2026-08-06
Signaler sans dénoncer : la règle qui protège tout le monde
Signaler sans dénoncer : la règle qui protège tout le monde
Signaler un problème public et dénoncer une personne sont deux actes différents. Le premier est utile et légal ; le second expose son auteur à des poursuites pour diffamation ou atteinte à la vie privée, et n'a aucune chance de régler le problème. Sur Kartié, une intelligence artificielle analyse chaque publication avant sa mise en ligne : les visages sont pixellisés automatiquement, les plaques d'immatriculation vous sont signalées pour que vous les masquiez d'un doigt, et tout texte contenant un nom de personne, une adresse privée, un numéro de téléphone ou une accusation nominative est bloqué avec un message expliquant quoi corriger.
Deux phrases, deux destins
Prenons deux publications qui décrivent exactement la même situation.
« Jean Dupont, au 15 rue des Mangues, jette ses gravats ici tous les soirs. »
« Dépôt de gravats constaté sur le trottoir de cette rue depuis trois jours. »
La seconde est un signalement. La première est une dénonciation publique nominative, et elle expose son auteur à plusieurs risques.
Ce que vous risquez en nommant quelqu'un
La diffamation. Imputer publiquement à une personne identifiée un fait qui porte atteinte à son honneur, sans décision de justice, est un délit — même si le fait est vrai, la vérité n'étant admise en défense que dans des conditions strictes.
L'atteinte à la vie privée. Publier l'adresse du domicile d'un particulier est une atteinte caractérisée.
Le droit à l'image. Diffuser la photo identifiable d'une personne sans son accord est illicite, y compris si la photo a été prise dans la rue.
Et si la personne est mineure, ou si la publication déclenche du harcèlement, on change encore de catégorie.
Pourquoi ça ne marche pas, en plus d'être illégal
Même en mettant le droit de côté, la dénomination ne produit rien d'utile.
Une accusation nominative n'a aucune valeur probante : seul un agent assermenté peut constater une infraction. Elle ne fait pas enlever le dépôt, ne fait pas réparer le trou, ne fait pas rallumer le lampadaire.
Ce qu'elle produit, en revanche, c'est un conflit de voisinage durable, et un fil de commentaires qui part en règlement de comptes. C'est le mécanisme qui a transformé beaucoup de groupes de quartier en espaces toxiques que plus personne ne lit.
Comment Kartié applique la règle
Avant publication, chaque signalement passe par une analyse automatique.
Sur l'image : les visages sont détectés et pixellisés de façon irréversible. Les plaques et les documents où un nom est lisible sont repérés mais pas masqués automatiquement — l'application vous prévient et vous les masquez au doigt. Vous voyez le résultat avant toute mise en ligne. Seule la version masquée est conservée : la photo d'origine n'est jamais stockée.
Sur le texte : un nom de personne, une adresse privée, un numéro de téléphone, une insulte ou une accusation visant une personne ou une entreprise identifiable déclenchent un blocage, accompagné d'un message qui dit précisément quoi retirer.
Nommer une rue, un rond-point, un quartier ou un arrêt de bus reste évidemment autorisé : ce sont des lieux publics, et ce sont eux qui permettent de localiser le problème.
Une contrainte qui rend le service crédible
Cette règle peut sembler frustrante quand on est en colère. Elle est pourtant ce qui rend l'outil utilisable sur la durée.

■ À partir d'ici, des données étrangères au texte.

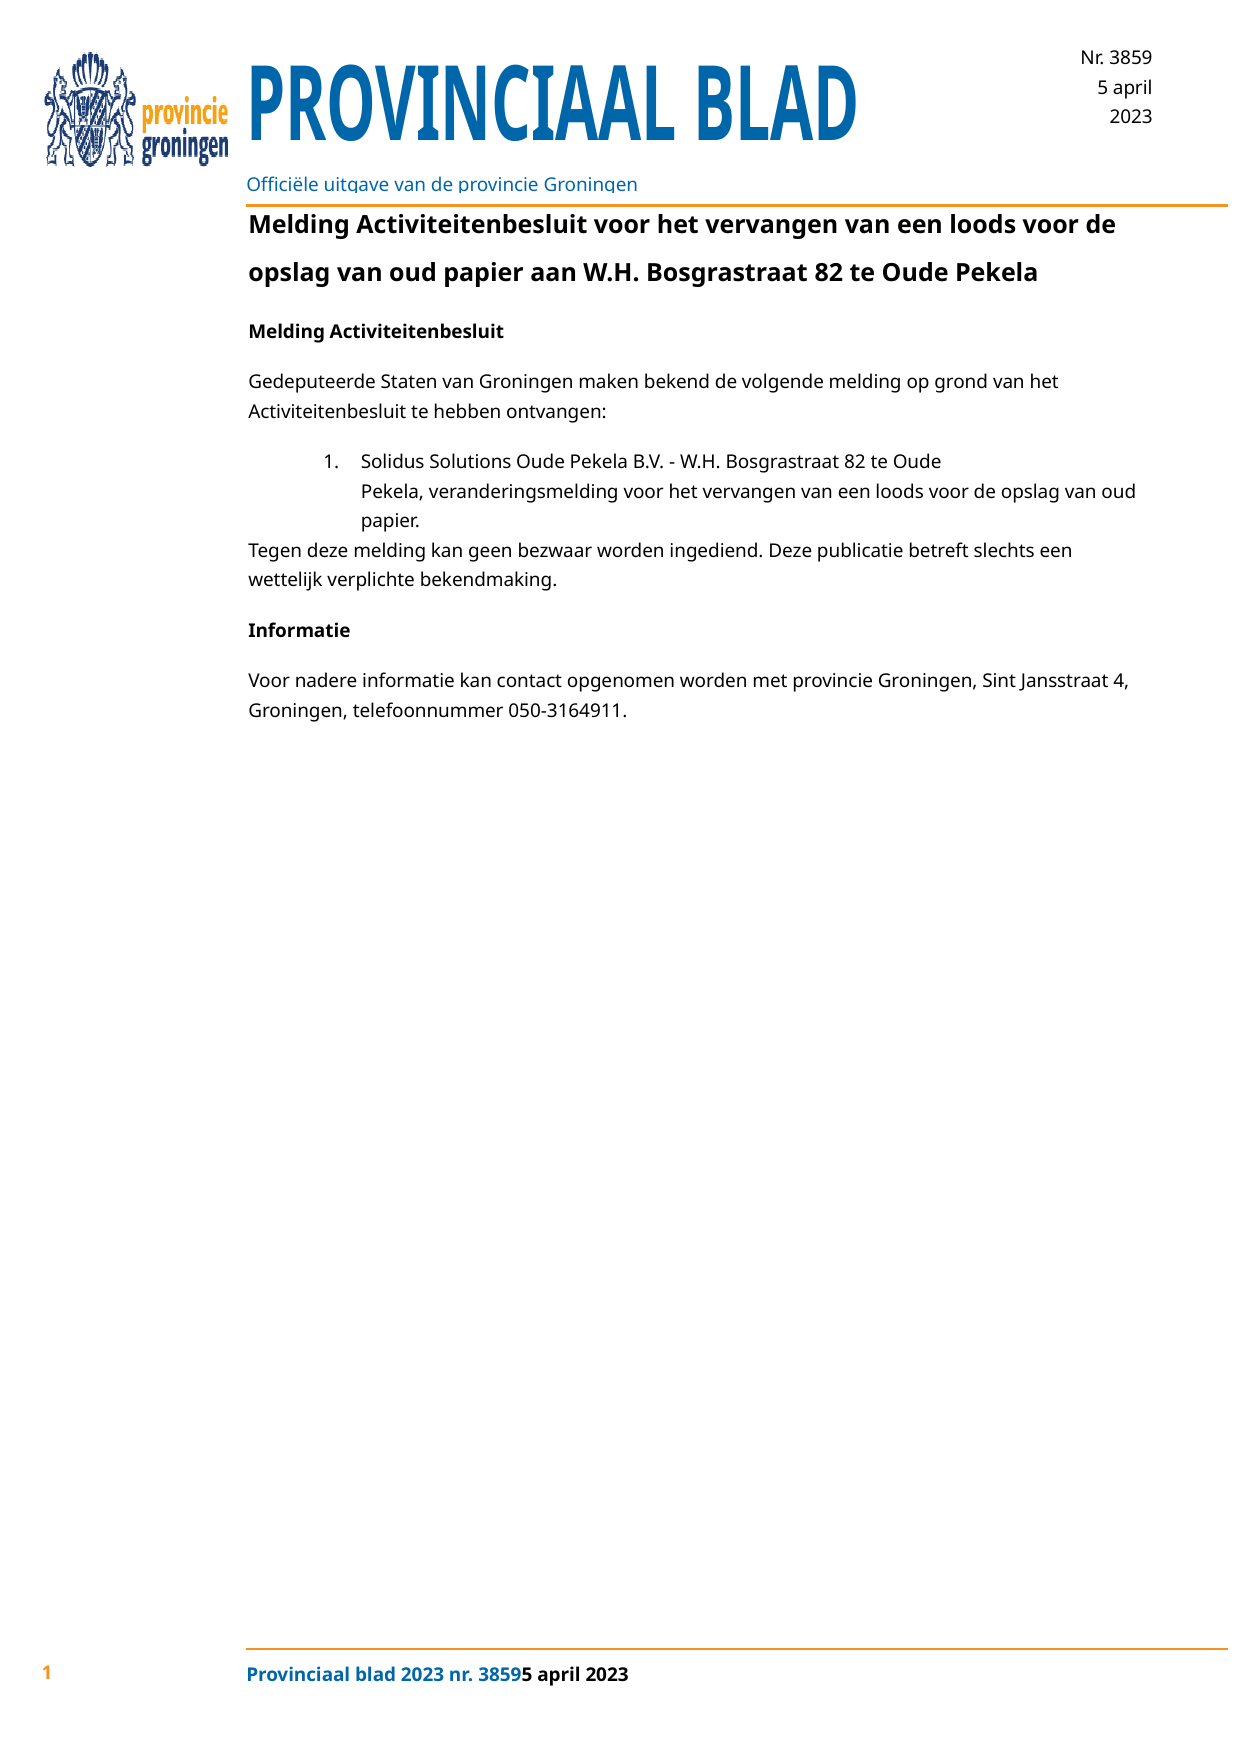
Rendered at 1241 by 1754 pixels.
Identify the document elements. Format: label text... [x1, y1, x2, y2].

list Solidus Solutions Oude Pekela B.V. - W.H. Bosgrastraat 82 te Oude Pekela, veranderingsmelding voor het vervangen van een loods voor de opslag van oud papier. [323, 448, 1152, 533]
text Gedeputeerde Staten van Groningen maken bekend de volgende melding op grond van het Activiteitenbesluit te hebben ontvangen: [248, 368, 1152, 424]
text Voor nadere informatie kan contact opgenomen worden met provincie Groningen, Sint Jansstraat 4, Groningen, telefoonnummer 050-3164911. [248, 667, 1152, 723]
text Melding Activiteitenbesluit voor het vervangen van een loods voor de opslag van oud papier aan W.H. Bosgrastraat 82 te Oude Pekela [248, 207, 1152, 288]
text Informatie [248, 617, 1152, 643]
text Tegen deze melding kan geen bezwaar worden ingediend. Deze publicatie betreft slechts een wettelijk verplichte bekendmaking. [248, 537, 1152, 592]
picture [41, 47, 231, 172]
text Melding Activiteitenbesluit [248, 318, 1152, 344]
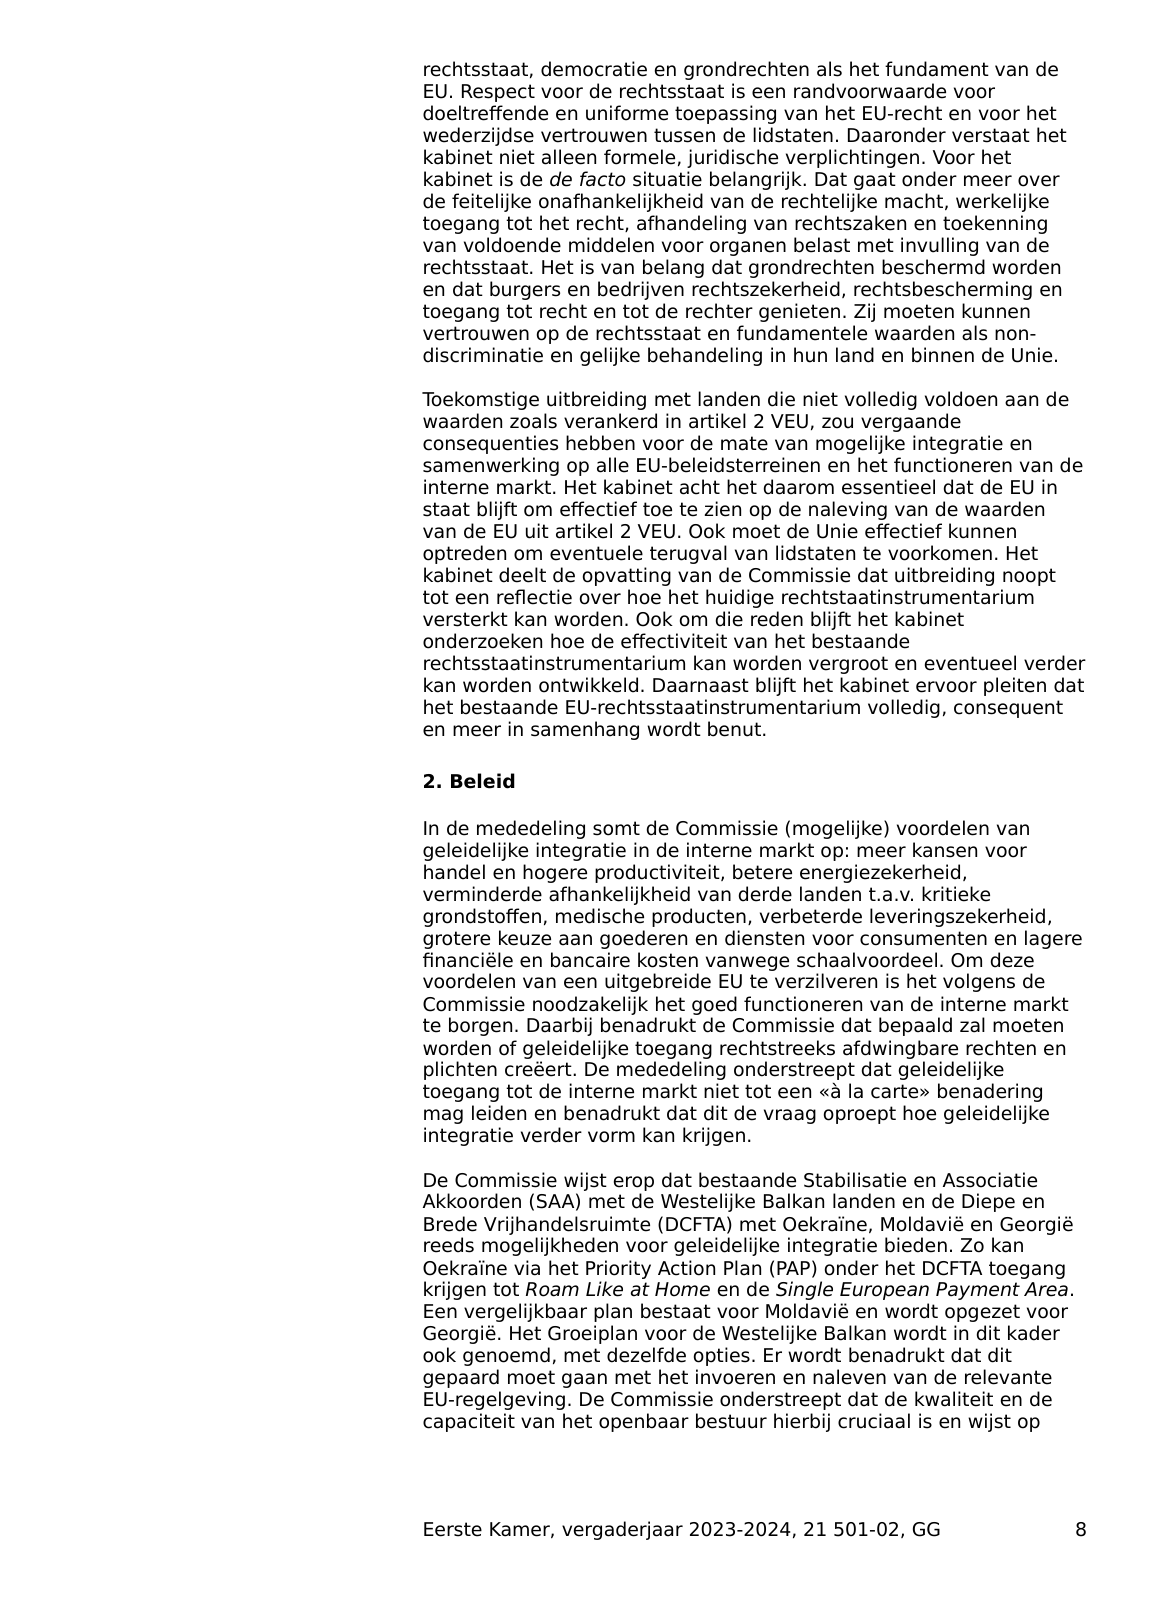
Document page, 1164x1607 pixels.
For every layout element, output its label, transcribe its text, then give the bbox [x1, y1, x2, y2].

Un espace où l'on peut nommer les gens devient un tribunal de quartier, et se vide. Un espace où l'on décrit des problèmes reste un outil — et c'est aussi ce qui permettra un jour à une collectivité de s'appuyer sur ces signalements sans craindre d'y trouver des mises en cause personnelles.
- Puis-je citer le nom de quelqu’un dans un signalement ?
- Non. Imputer publiquement une infraction à une personne identifiée est constitutif de diffamation, et publier son adresse porte atteinte à sa vie privée. Kartié bloque automatiquement ces publications et explique quoi corriger.
- Puis-je publier une photo où on voit quelqu’un ?
- La photo peut être publiée : le visage sera automatiquement pixellisé avant la mise en ligne. Les plaques d'immatriculation, elles, ne sont pas masquées toutes seules — l'application vous signale leur présence et vous les masquez d'un doigt. Vous vérifiez le résultat dans tous les cas, et la photo d'origine n'est jamais conservée.
- Puis-je nommer une rue ou un quartier ?
- Oui. Les voies et lieux publics — rue, rond-point, quartier, arrêt de bus — sont autorisés et même nécessaires : ce sont eux qui permettent de localiser le problème.